René Girard

 

 

Sarah Bernhardt, sculpteur : Après la tempête 

Problématique « fin du monde » 

« La relation loge au cœur de la réciprocité », dit René Girard. Mais il y a deux sortes de « réciprocité ». Celle de la violence, celle des représailles, du coup pour coup, l’enfer mimétique de la loi du Talion. La guerre, par définition, est « réciproque », elle est une « relation ». Mais nous pouvons choisir une autre réciprocité, celle de l’amour du prochain comme soi-même. Voir dans l’autre un double de soi, aussi sacré que soi, il n’y a pas de miroir plus fascinant. C’est l’AUTRE qui fait que je suis JE. Sans ce miroir, je ne sais pas que j’existe, pire, je n’existe pas vraiment. Je te reconnais, donc je suis.

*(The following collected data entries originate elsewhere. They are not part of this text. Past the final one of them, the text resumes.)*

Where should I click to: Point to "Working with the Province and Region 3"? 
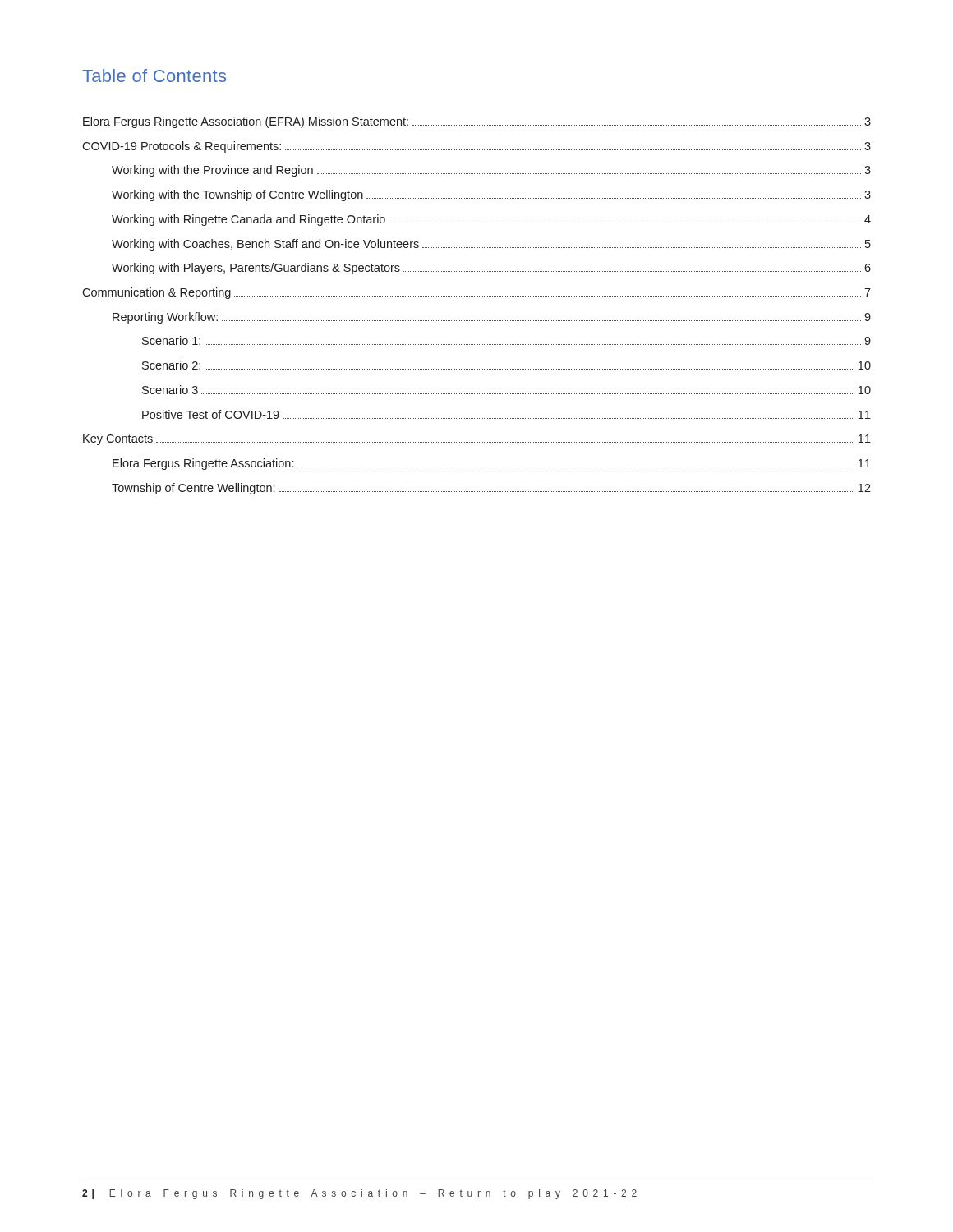pos(491,171)
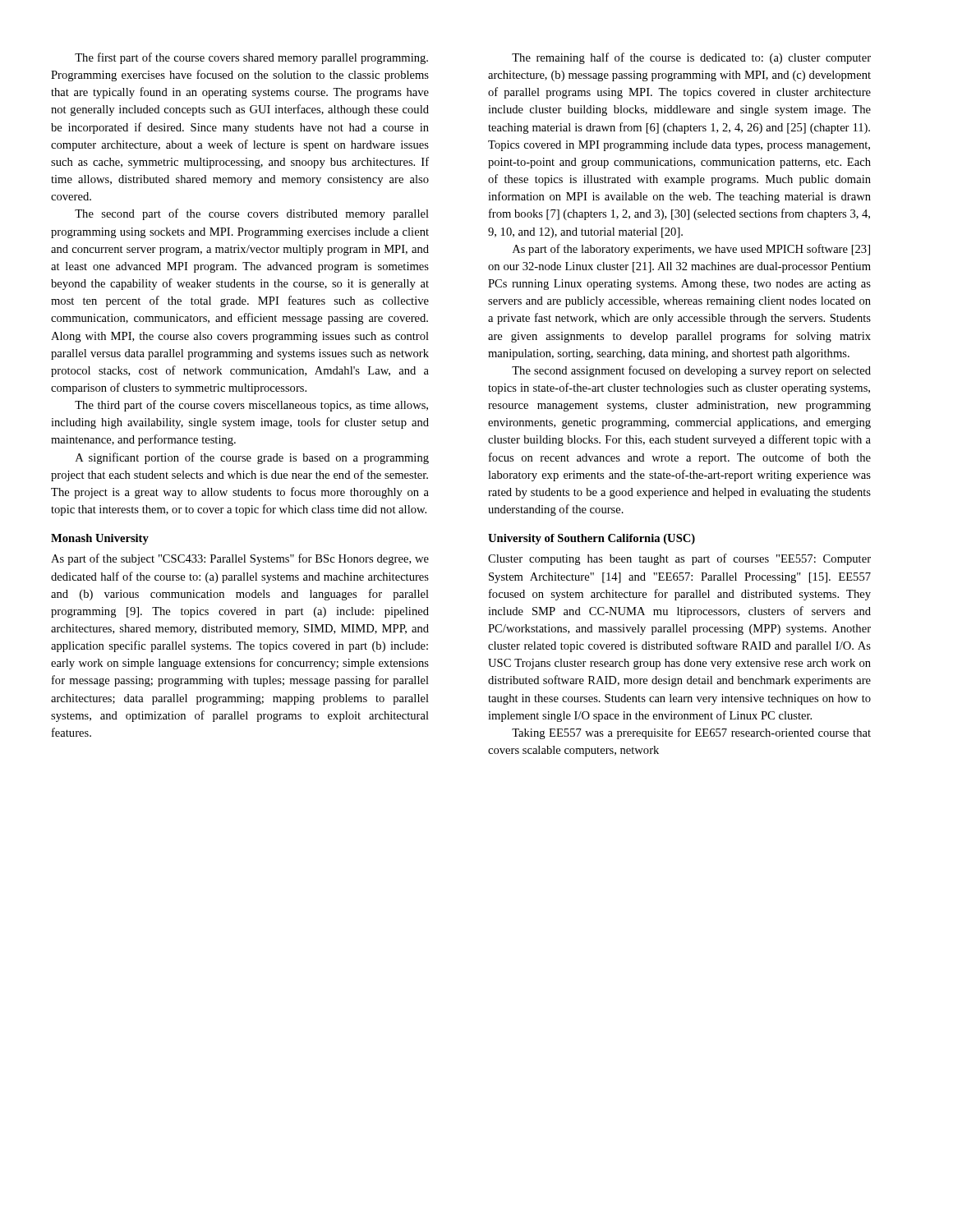Select the region starting "Cluster computing has been"

(679, 637)
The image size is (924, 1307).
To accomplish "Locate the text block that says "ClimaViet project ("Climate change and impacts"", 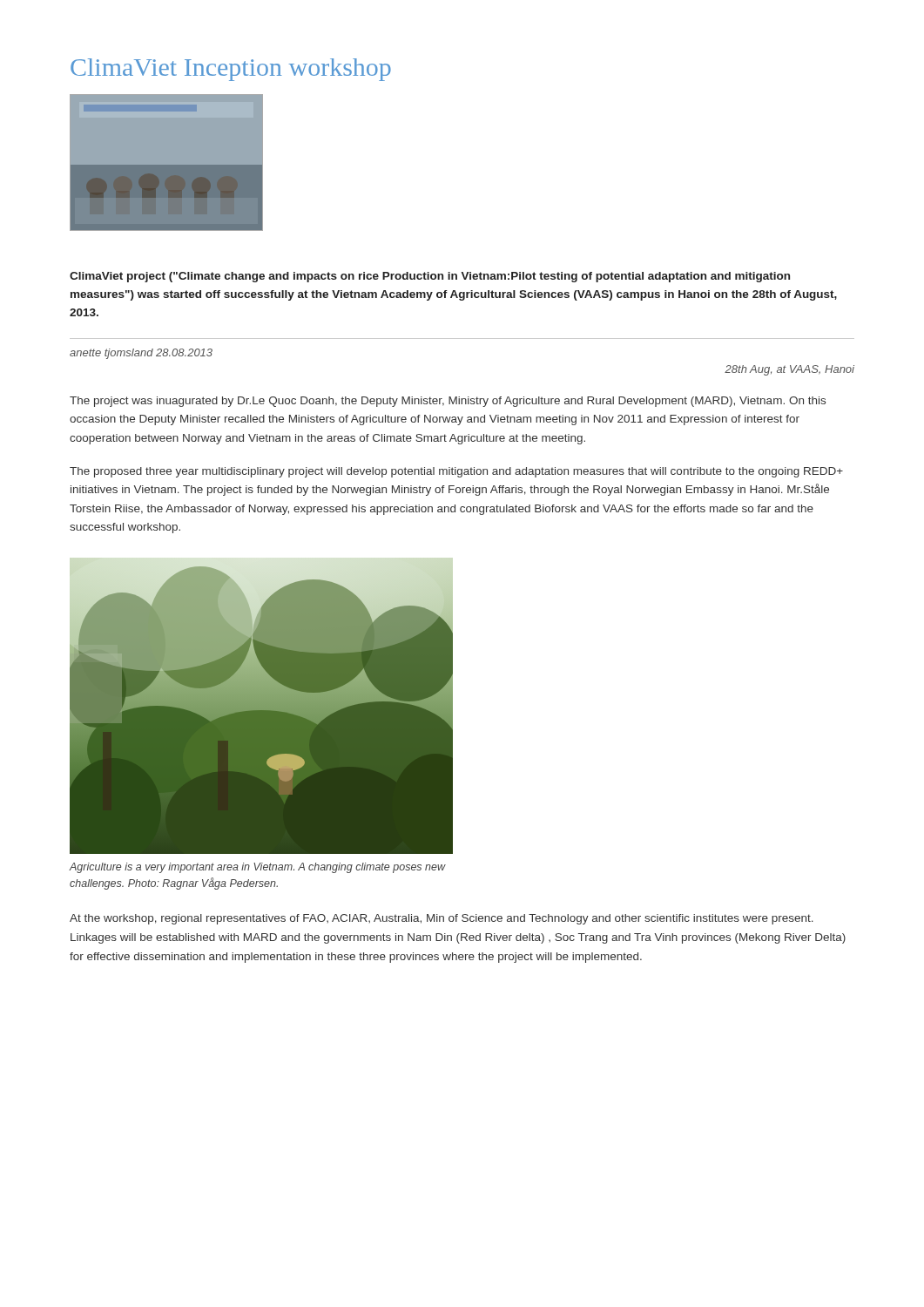I will 453,294.
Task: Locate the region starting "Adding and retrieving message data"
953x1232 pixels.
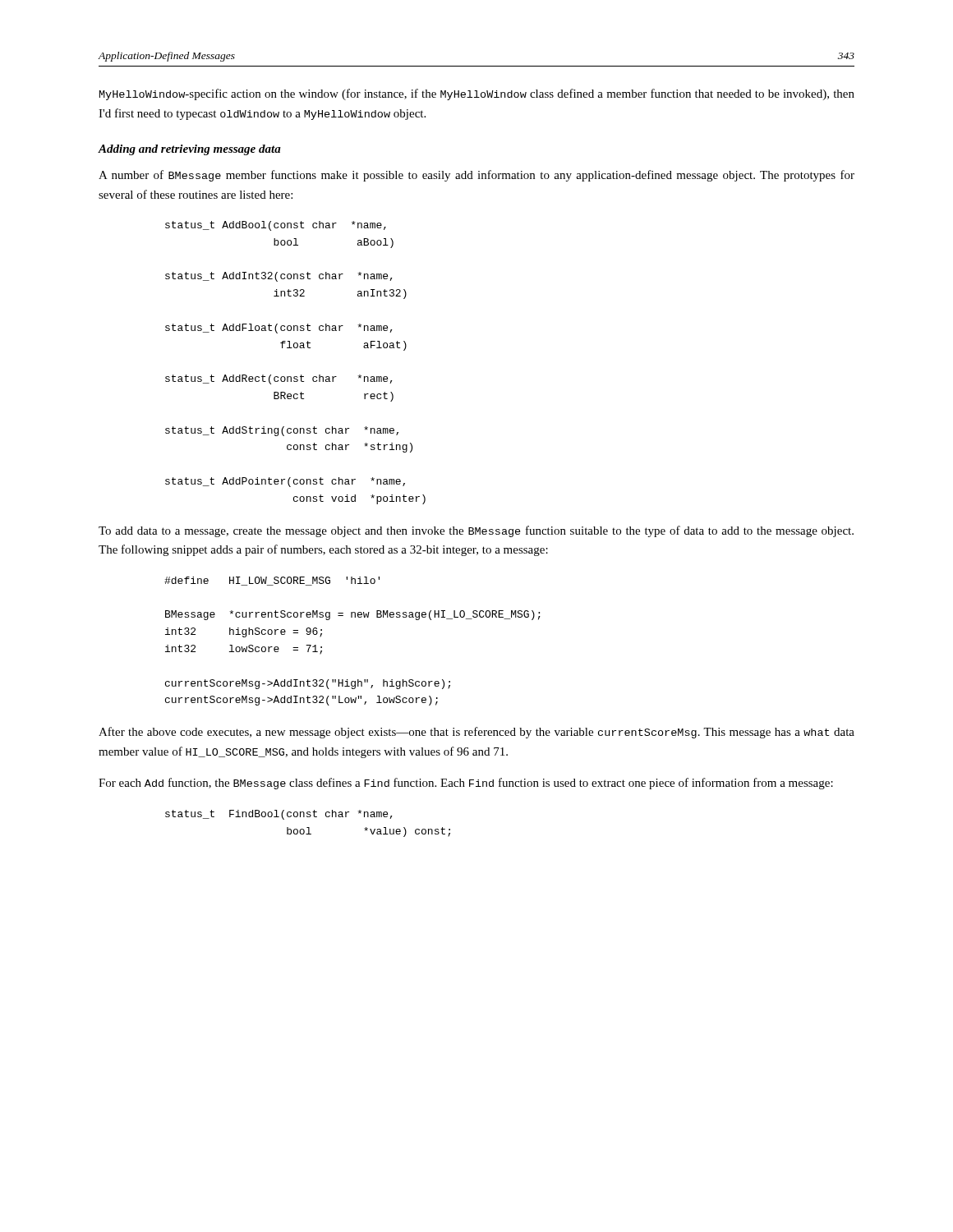Action: [x=190, y=149]
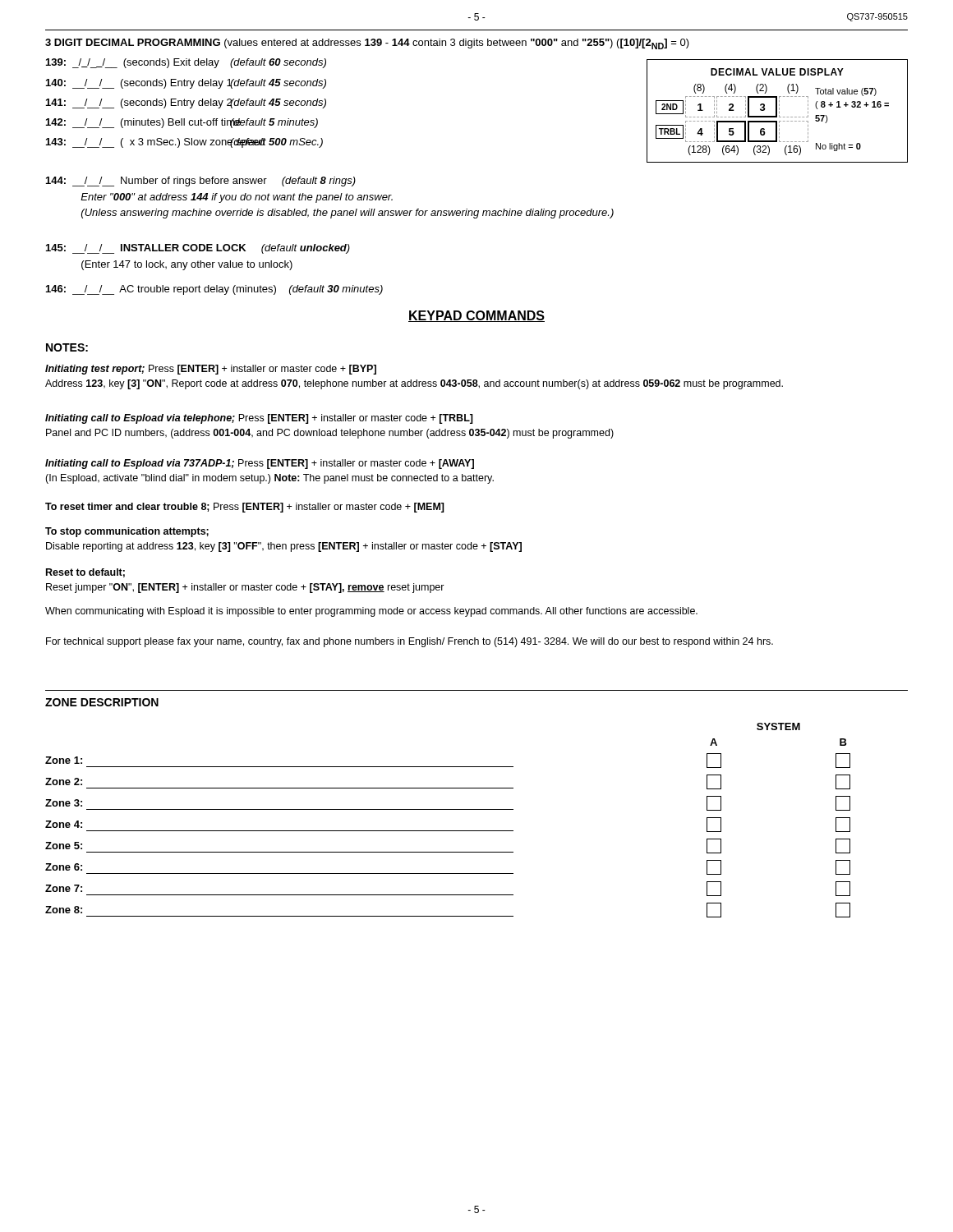This screenshot has height=1232, width=953.
Task: Click on the passage starting "KEYPAD COMMANDS"
Action: (x=476, y=316)
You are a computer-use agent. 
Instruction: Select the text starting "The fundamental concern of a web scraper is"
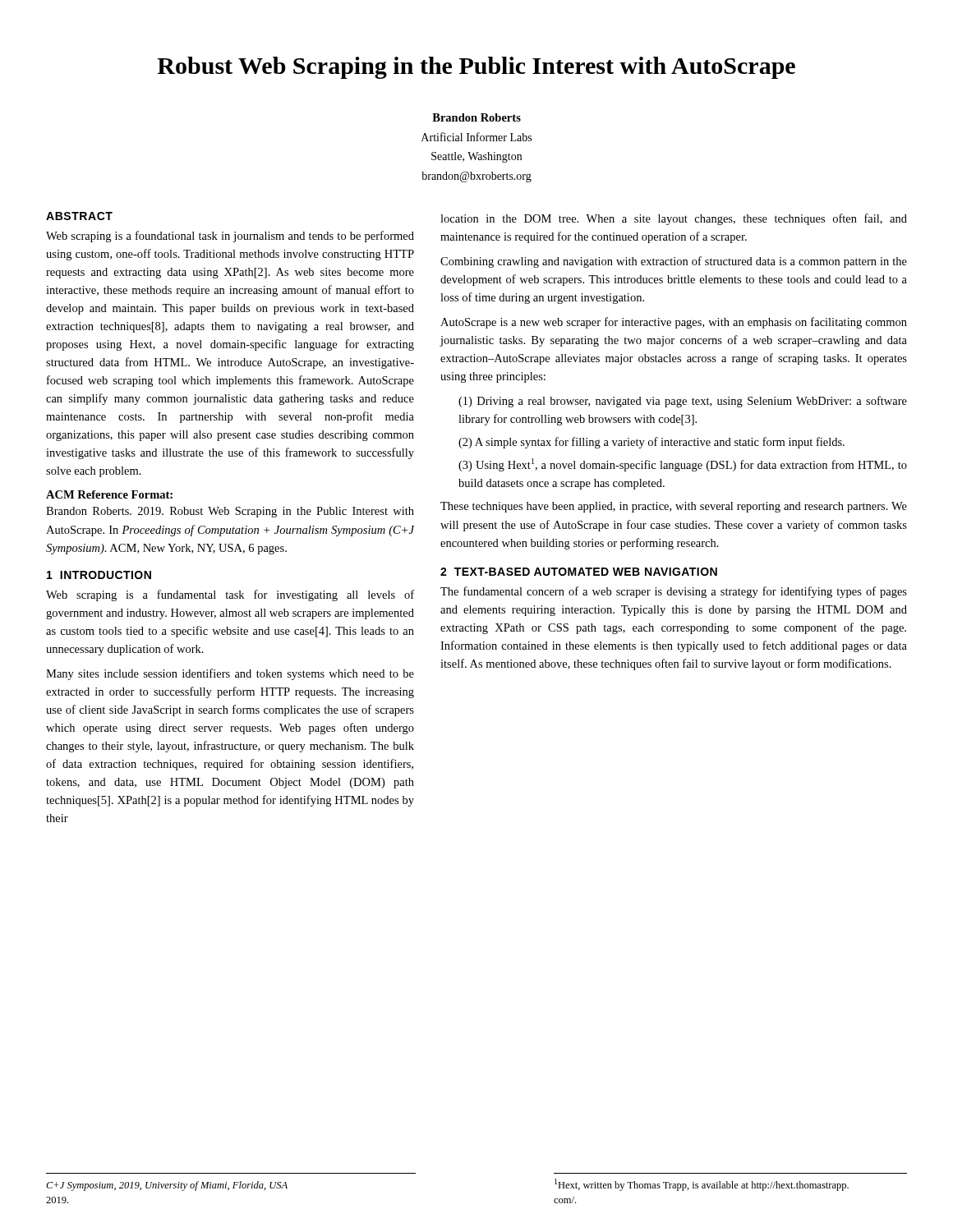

   L’amour est bien plus exigeant que la haine, plus troublant, presque incompréhensible, et totalement indispensable. « Nous ne devrions plus être là, si formidablement travaille la haine.  Or le monde est toujours là », a dit Michel Serres avec raison. Qu’est-ce qui, jusqu’à aujourd’hui, nous a empêchés de tout détruire ? La question est d’autant plus brûlante que nous n’avons jamais été aussi près de tout détruire. René Girard, pessimiste, pense, dans Achever Clausewitz, que nous n’arriverons pas à nous retenir... Mais le pire n’est pas sûr. Pour y croire, il faut revenir à Matthieu 28, 20 : « Et voici, je suis avec vous tous les jours, jusqu’à la fin du monde… » Sommes-nous sûrs de n’avoir pas été abandonnés ? Avec le mal que nous nous donnons pour nous débarrasser du Créateur !

   Problématique « fin du monde », qui nous fait si peur, quand nous la pensons dans notre solitude.